6. Comparative Analysis of Dysfunctional NK Cell States and ME/CFS NK Cells

It remains unclear whether exhaustion, anergy, and senescence in NK cells represent unique types of dysfunctional states. Generally, NK cell dysfunction, typically marked by a decline in the effector function or proliferation, is assessed by the IFNγ and Granzyme B production, but these markers are very generic, and cannot distinguish between the three phenotypes listed above [182]. Judge et al. created an elegant comprehensive review of the current state of investigations into exhaustion, anergy, and senescence in NK cells [182].
Anergy has not been studied extensively in NK cells, but has been hypothesized in depth in the aforementioned review. For example, NK cells, which require a three-signal sequence for maximal activation and proliferation, may become anergic following an insufficient activating signal, or a strong stimulus without an adequate co-stimulation [214]. Proposing a comparable process to that of anergic T cells, NK cells would become anergic if CD137 signaling were not engaged at the time of the NK–antigen-presenting-cell (APC) contact [182,214]. Of note, a tumor study defined NK cell anergy precisely in this manner, whereby anergic NK cells were accompanied by an impaired early signal transduction [215]. The proliferative capabilities during this understudied condition in NK cells are unknown, but the cytotoxicity would very likely be reduced as a consequence of this hypometabolic, hyporesponsive state [182].

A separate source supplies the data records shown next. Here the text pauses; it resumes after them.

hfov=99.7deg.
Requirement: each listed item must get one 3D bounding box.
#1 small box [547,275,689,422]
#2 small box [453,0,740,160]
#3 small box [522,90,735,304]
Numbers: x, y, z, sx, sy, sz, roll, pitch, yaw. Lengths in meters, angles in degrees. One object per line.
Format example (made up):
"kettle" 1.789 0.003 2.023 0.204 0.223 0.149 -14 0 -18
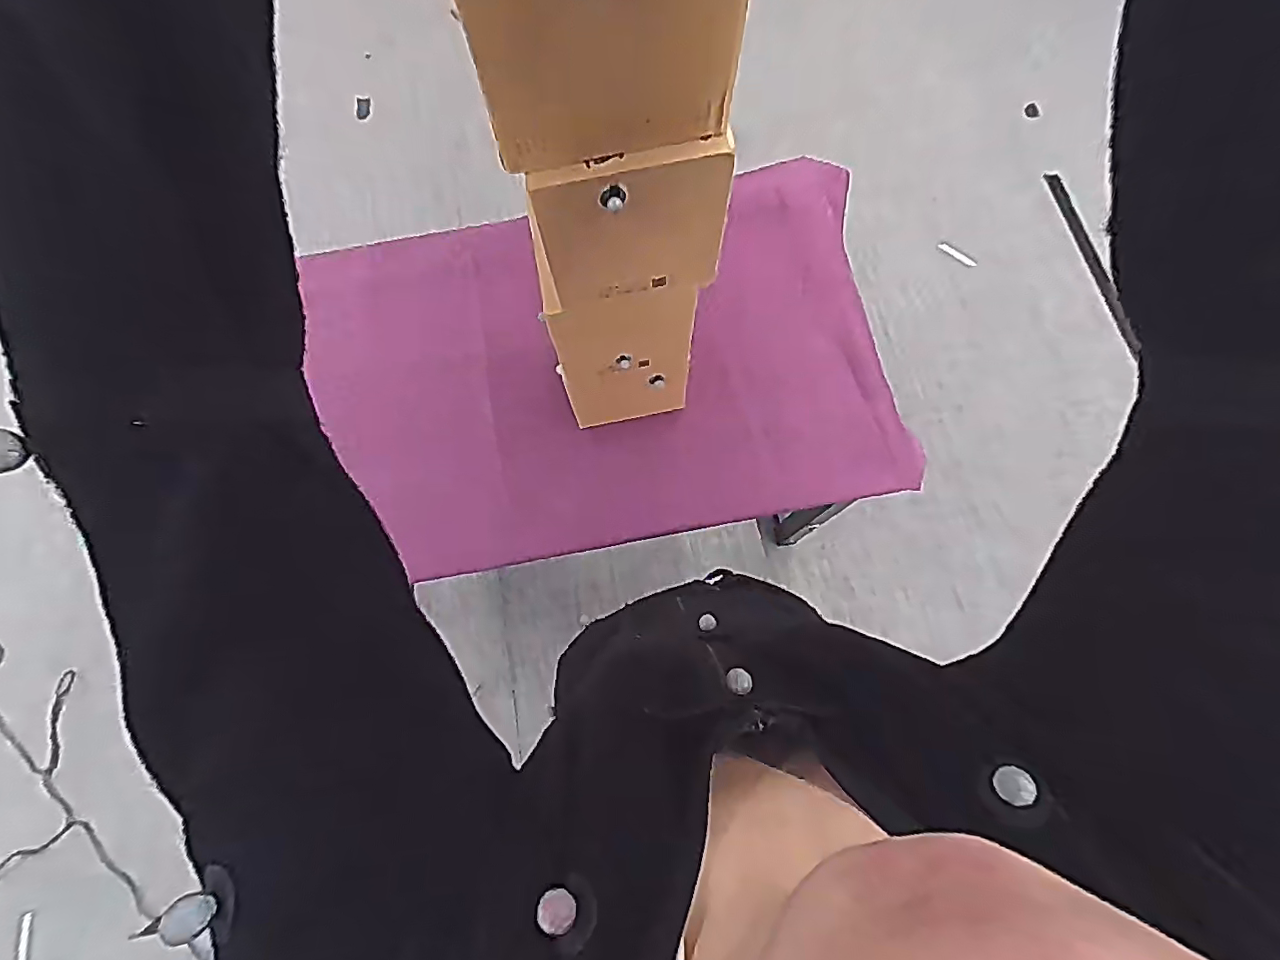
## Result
"small box" -0.031 -0.204 0.822 0.179 0.176 0.168 -12 73 -1
"small box" -0.034 -0.351 0.354 0.179 0.176 0.168 -12 75 -2
"small box" -0.021 -0.297 0.508 0.168 0.176 0.179 -12 74 -2
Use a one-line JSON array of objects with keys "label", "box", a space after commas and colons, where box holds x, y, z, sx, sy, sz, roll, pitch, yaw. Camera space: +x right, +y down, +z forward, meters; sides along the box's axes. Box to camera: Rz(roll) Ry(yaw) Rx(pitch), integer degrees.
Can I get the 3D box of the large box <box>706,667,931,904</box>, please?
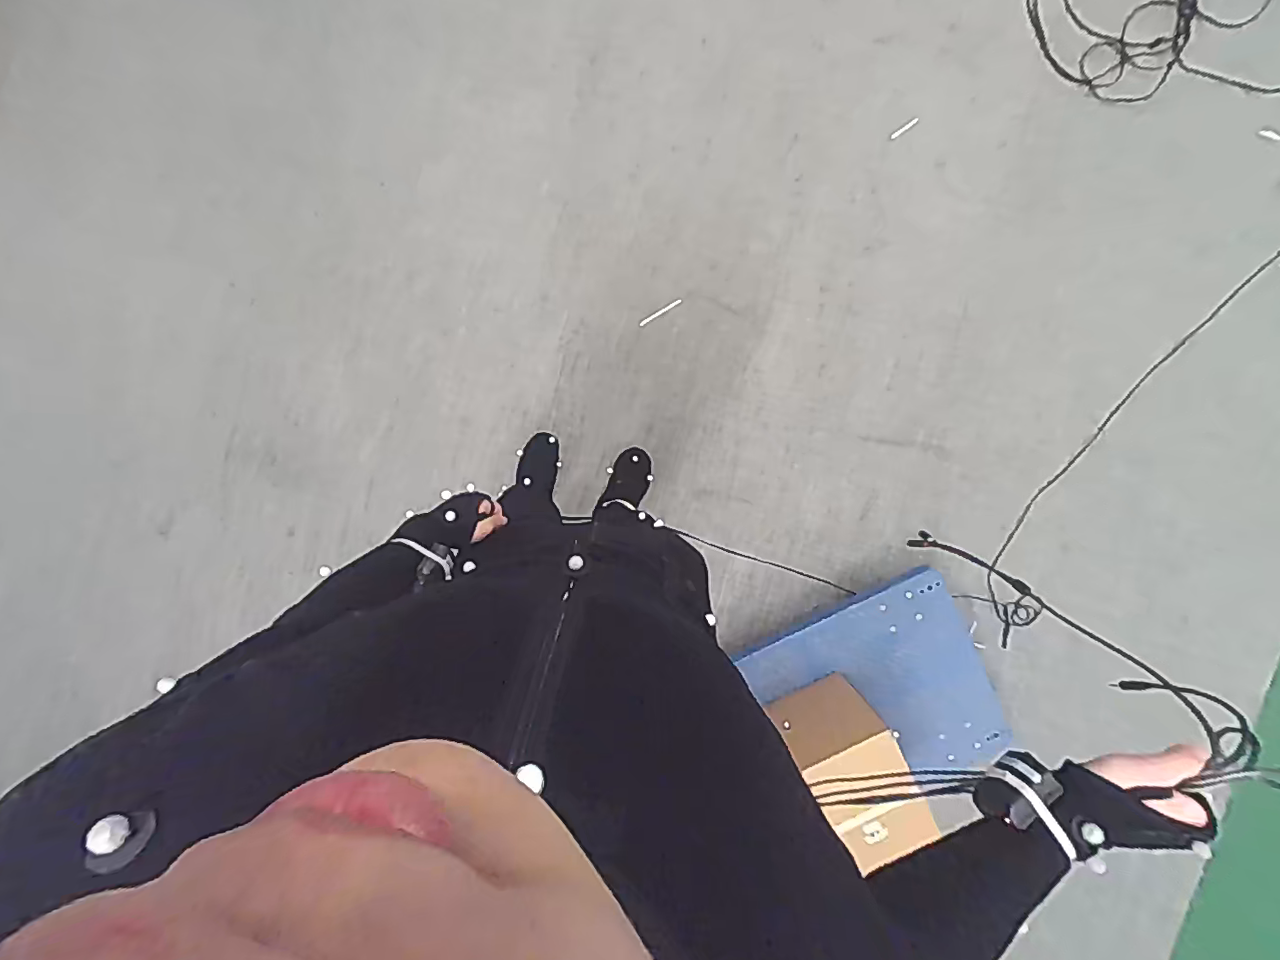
[{"label": "large box", "box": [0.428, 0.752, 1.387, 0.408, 0.320, 0.320, -26, 96, 0]}]
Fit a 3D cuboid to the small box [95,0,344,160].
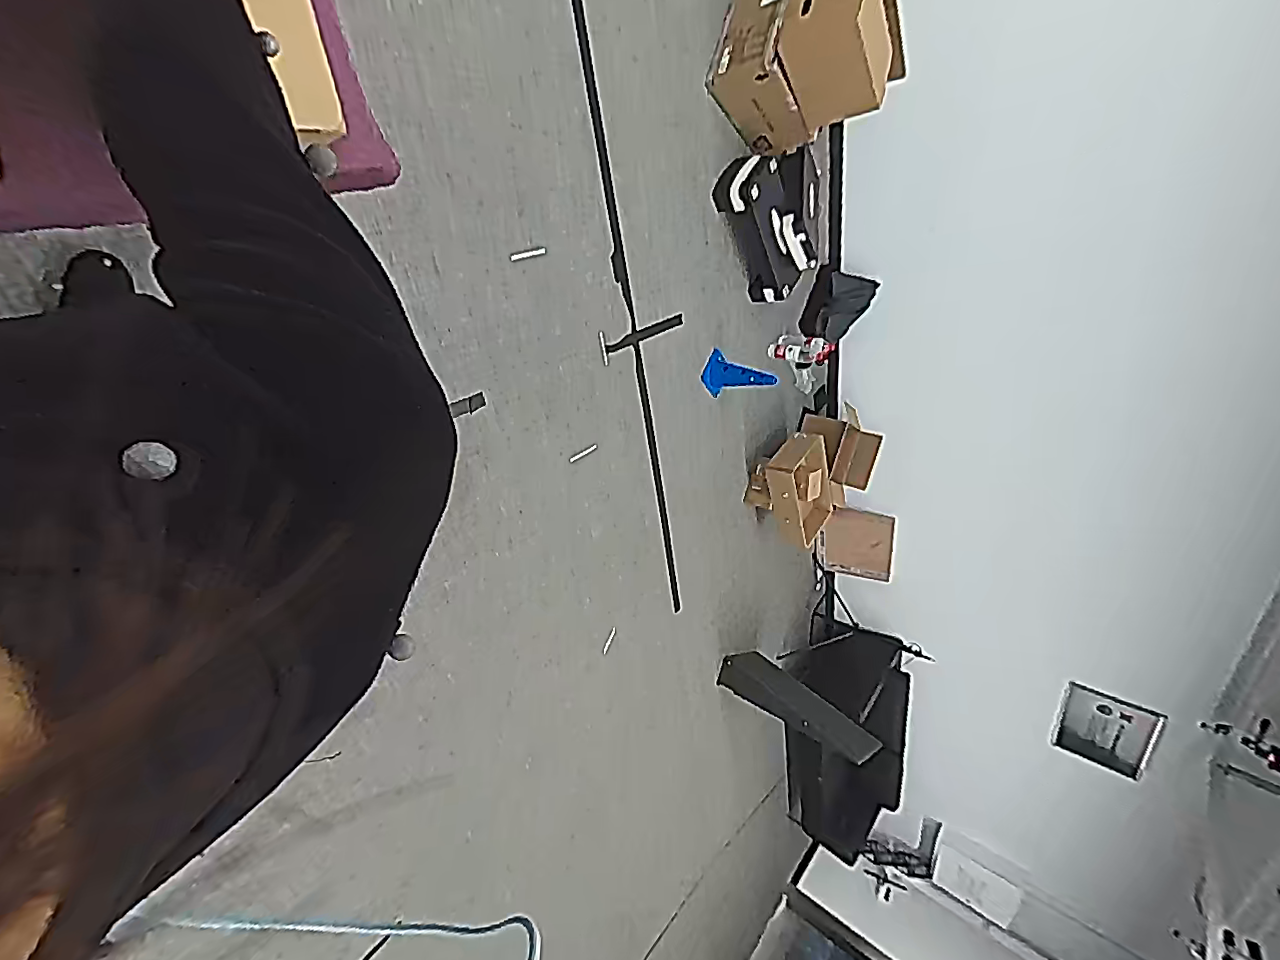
[{"bbox_3d":[-0.474,-0.478,0.610,0.168,0.176,0.179,-28,122,-39],"label":"small box"}]
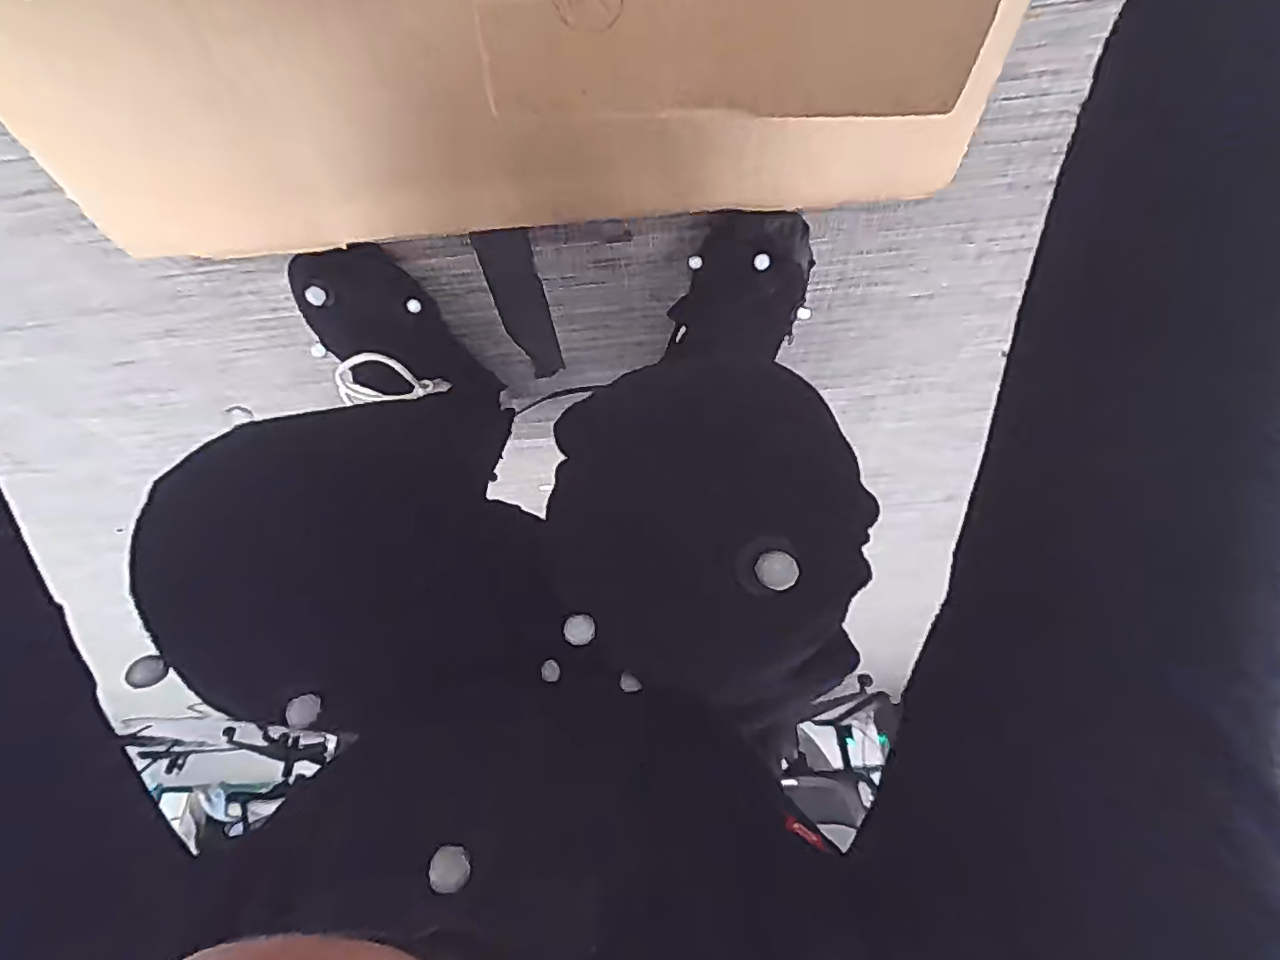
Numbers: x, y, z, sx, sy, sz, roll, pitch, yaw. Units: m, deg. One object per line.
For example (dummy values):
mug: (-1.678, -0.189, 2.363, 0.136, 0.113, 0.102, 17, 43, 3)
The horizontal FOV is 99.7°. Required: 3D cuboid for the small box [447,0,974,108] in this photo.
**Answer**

NK cell split anergy, or the loss of one function with the corresponding gain of another effector function, has been observed following the ligation of CD16 [216,217]. This anergy-adjacent cell state is characterized by the loss of CD16 expression, with the addition of cytokine secretion abilities, leading to the increased control of cancer stem cells [216]. While pro-inflammatory cytokines can boost the NK cell effector function and proliferation, there are still signs of anergy in these environments, as NK cells work to establish a balance between recognizing targets effectively, and maintaining tolerance by developing additional immunoregulatory mechanisms [218,219].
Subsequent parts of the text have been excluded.